*WORK TASK:*
Go through the data line by line. Copy each one holding the string "none".

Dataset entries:
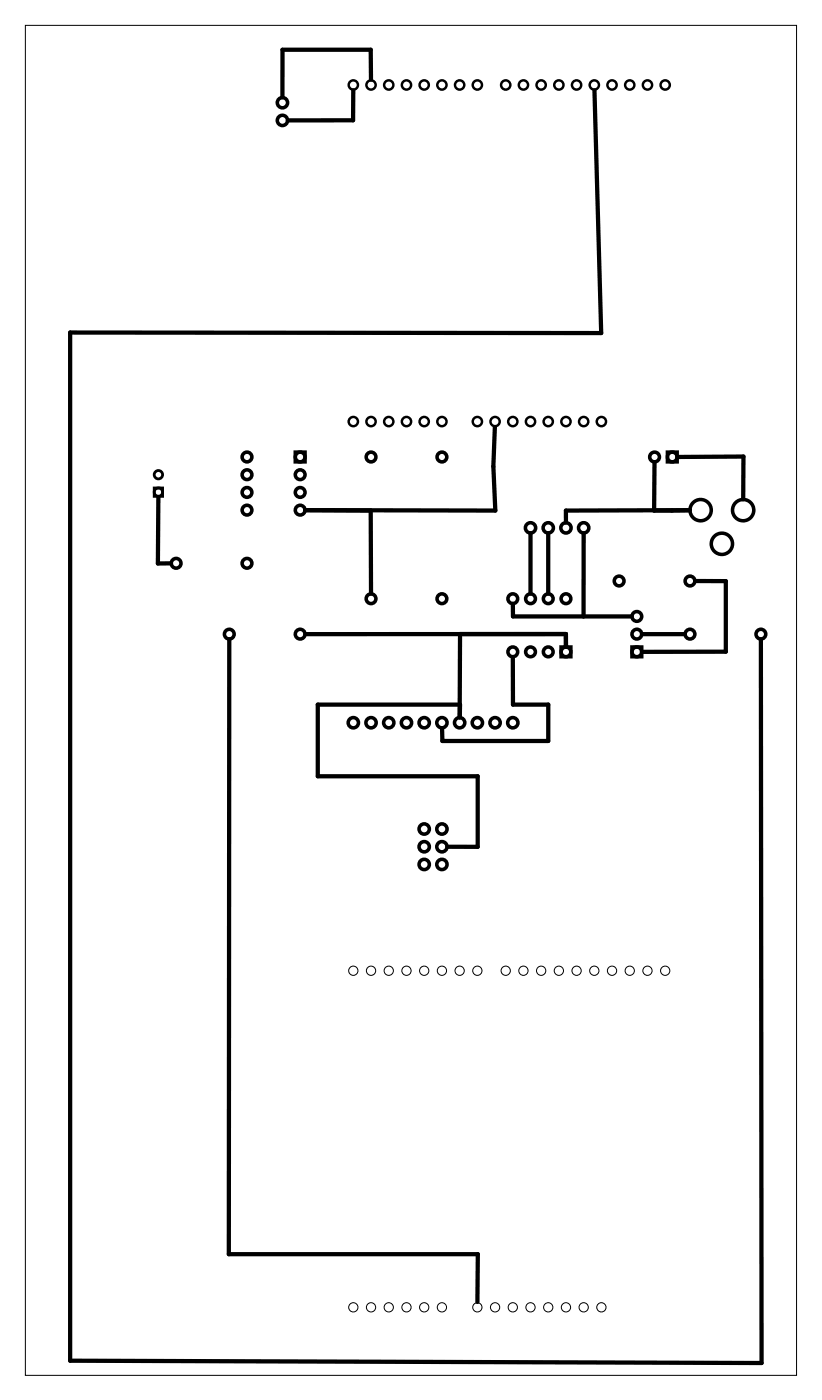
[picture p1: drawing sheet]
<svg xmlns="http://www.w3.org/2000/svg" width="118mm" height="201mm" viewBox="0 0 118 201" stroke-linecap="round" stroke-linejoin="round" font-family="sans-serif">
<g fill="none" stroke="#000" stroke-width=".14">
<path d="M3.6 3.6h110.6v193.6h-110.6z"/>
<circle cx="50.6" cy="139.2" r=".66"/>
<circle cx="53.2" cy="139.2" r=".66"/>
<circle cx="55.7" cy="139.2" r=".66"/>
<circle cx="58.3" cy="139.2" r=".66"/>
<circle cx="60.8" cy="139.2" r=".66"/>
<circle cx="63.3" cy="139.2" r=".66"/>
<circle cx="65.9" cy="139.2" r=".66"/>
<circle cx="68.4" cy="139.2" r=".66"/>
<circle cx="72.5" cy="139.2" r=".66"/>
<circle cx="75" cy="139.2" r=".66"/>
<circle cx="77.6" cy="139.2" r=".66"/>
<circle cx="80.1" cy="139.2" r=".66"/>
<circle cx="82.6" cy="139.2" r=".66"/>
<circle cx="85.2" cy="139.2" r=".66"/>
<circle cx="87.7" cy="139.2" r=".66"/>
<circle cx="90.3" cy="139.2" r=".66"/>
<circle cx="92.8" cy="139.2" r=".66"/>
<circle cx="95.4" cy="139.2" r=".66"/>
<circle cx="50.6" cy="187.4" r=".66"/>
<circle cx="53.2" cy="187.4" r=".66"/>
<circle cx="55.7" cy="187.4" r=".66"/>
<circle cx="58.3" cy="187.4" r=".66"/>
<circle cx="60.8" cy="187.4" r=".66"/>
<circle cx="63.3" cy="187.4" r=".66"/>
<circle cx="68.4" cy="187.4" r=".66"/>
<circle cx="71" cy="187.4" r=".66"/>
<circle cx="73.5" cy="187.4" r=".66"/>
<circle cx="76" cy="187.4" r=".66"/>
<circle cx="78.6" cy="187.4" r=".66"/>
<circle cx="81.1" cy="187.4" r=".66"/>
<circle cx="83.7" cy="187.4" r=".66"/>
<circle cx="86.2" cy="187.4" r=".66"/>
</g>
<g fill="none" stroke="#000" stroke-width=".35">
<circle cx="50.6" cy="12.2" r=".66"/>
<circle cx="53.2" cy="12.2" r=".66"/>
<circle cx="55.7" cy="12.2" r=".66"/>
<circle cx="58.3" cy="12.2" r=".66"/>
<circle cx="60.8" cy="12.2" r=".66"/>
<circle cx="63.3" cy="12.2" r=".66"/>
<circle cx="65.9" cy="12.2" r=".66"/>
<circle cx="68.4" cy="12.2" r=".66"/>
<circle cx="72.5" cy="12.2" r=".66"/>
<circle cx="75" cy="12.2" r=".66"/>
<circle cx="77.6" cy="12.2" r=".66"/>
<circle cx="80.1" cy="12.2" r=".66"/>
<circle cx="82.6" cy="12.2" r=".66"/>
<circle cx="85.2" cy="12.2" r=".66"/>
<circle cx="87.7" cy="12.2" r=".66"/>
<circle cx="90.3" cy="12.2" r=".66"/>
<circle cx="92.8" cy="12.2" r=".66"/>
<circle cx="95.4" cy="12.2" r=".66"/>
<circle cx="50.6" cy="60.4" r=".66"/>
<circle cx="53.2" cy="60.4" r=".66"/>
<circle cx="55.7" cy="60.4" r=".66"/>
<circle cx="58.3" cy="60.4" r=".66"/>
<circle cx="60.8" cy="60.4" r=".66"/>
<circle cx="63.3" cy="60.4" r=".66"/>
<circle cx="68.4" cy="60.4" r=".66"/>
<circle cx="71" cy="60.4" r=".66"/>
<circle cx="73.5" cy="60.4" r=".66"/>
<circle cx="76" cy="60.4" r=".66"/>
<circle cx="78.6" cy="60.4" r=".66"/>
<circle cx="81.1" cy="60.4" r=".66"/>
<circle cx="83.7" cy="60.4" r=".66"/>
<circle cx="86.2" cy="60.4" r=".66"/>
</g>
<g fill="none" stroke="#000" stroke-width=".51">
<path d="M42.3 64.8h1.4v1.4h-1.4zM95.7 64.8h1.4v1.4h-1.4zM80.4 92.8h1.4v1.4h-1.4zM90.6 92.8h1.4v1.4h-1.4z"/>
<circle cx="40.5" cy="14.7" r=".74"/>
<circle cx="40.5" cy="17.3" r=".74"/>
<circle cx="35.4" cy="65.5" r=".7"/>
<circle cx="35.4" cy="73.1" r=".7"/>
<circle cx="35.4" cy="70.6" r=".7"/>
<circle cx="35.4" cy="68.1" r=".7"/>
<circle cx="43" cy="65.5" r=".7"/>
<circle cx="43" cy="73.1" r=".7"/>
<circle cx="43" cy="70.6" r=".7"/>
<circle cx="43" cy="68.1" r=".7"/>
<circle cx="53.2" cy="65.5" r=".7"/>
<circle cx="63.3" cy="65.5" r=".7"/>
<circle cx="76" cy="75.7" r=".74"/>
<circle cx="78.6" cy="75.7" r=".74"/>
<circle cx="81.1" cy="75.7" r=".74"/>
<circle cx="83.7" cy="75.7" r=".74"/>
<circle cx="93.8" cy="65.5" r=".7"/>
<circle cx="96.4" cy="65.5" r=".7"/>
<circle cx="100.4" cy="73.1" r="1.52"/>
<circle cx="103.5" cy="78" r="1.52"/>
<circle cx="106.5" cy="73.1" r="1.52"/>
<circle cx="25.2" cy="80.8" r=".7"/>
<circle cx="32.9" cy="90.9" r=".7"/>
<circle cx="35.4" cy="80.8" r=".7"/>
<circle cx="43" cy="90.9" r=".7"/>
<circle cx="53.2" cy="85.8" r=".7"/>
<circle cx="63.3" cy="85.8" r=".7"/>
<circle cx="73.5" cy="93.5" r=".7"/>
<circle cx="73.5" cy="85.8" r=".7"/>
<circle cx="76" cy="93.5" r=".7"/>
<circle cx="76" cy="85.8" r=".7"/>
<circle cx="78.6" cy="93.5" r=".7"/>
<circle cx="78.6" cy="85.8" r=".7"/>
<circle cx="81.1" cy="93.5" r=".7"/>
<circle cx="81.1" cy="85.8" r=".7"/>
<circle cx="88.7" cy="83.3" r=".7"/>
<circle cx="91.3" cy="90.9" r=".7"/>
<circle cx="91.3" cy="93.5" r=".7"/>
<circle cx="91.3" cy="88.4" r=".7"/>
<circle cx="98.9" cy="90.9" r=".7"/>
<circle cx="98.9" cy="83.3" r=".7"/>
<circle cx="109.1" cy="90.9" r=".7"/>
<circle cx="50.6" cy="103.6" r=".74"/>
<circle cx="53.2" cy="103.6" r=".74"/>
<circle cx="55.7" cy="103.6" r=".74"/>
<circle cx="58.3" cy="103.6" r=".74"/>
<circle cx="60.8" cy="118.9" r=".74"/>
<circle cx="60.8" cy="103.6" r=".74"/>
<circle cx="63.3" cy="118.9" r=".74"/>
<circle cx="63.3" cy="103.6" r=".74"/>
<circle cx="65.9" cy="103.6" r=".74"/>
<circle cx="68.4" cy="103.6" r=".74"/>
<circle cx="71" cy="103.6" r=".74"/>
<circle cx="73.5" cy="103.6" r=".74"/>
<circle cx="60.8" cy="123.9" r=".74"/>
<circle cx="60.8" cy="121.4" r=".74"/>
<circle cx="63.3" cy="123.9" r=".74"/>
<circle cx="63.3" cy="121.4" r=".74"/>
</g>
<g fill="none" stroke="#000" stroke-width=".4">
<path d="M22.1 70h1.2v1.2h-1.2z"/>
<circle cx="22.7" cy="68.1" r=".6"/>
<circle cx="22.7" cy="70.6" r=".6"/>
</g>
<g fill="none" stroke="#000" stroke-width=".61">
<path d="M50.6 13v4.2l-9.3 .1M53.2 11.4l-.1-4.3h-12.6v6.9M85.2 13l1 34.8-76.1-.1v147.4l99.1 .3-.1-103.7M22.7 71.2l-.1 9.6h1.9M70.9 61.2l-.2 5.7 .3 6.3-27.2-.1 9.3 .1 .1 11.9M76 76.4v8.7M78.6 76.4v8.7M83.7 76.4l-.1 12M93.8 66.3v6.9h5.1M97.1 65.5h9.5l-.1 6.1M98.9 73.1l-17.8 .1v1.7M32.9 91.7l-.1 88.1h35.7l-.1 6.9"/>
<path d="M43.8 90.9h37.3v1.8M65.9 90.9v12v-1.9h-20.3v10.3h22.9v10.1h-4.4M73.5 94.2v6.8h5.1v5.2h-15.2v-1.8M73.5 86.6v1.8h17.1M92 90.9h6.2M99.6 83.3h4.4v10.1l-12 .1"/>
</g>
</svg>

*EXERCISE RESPONSE:*
<g fill="none" stroke="#000" stroke-width=".14">
<g fill="none" stroke="#000" stroke-width=".35">
<g fill="none" stroke="#000" stroke-width=".51">
<g fill="none" stroke="#000" stroke-width=".4">
<g fill="none" stroke="#000" stroke-width=".61">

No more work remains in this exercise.